The Ministry of Finance estimates that the tax will generate an additional VND2,400 billion a year, based on the assumption that 80% of the products subject to the tax will be taxed and that consumption will decrease by 20% due to price increases. However, the revenue will only increase in the first year of taxing this item. In subsequent years, it will gradually decrease as the tax causes consumers to consume less and manufacturers to change their formulas and produce products with sugar content below the tax threshold.
In 2020, revenue from soft drinks regardless of sugar content was about 40,000 billion VND.
Authorities admit that imposing the tax will initially reduce output, revenue, and profits of businesses producing and importing these products. However, this will encourage businesses to produce products that are better for consumers’ health.
Stating their previous views, many associations and businesses opposed the imposition of special consumption tax on sugary drinks.
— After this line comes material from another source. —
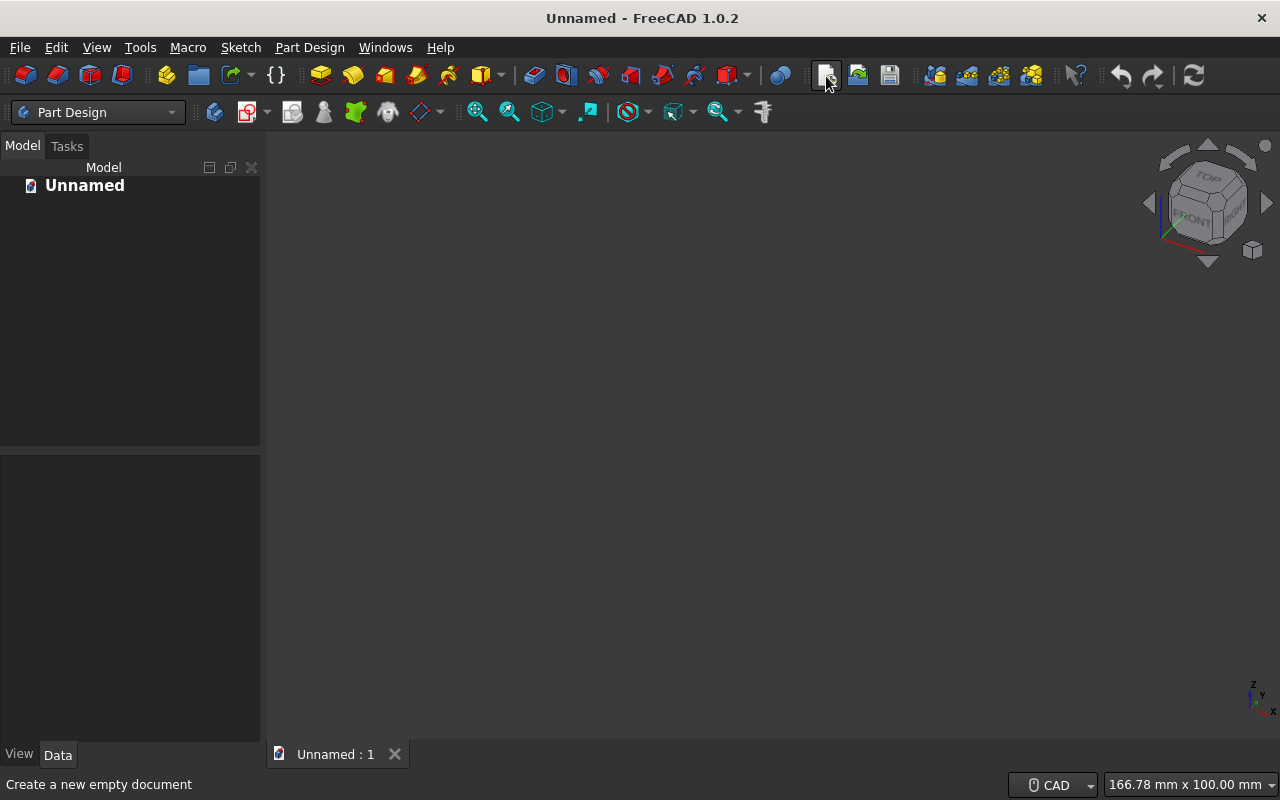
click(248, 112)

According to them, it does not help solve the problem of overweight and obesity, but creates a discriminatory tax policy. Not to mention, this policy will cause unwanted consequences for other related industries, such as sugar cane, retail, and packaging.
Regarding this issue, the Ministry of Finance cited data from the National Institute of Nutrition showing that average soft drink consumption per capita also increased by nearly one and a half times after 7 years, reaching 70.56 liters per person in 2020.
At the same time, the rate of overweight and obesity is alarming among Vietnamese children aged 5-19. This rate has more than doubled in 10 years, reaching 19% in 2020, higher than the average rate of Southeast Asia (17.3%) and low- and middle-income countries in the region.
The Ministry of Finance asserted that taxing sugary drinks has become a common trend. Currently, about 85 countries impose this tax, an increase of nearly 6 times compared to 10 years ago.
In addition, in this draft, the management agency also describes hybrid gasoline-electric cars as cars that are charged with a charging system. This type of car is subject to a tax rate of 70% of the same type of gasoline or diesel. That is, the tax rate is about 24.5-105%, depending on the vehicle's capacity.
This is a plug-in hybrid vehicle that can run on electricity alone, can be charged separately like an electric vehicle, and still has a gasoline engine when the battery runs out. The amount of emissions into the environment of this type is much lower than that of other conventional cars. The clear distinction, according to the Ministry of Finance, avoids confusion with basic hybrid vehicles, which mainly run on gasoline engines under normal conditions.
For cars running on natural gas, authorities also propose to impose a tax rate similar to that of plug-in hybrids, ranging from 24.5-105% depending on the vehicle's capacity.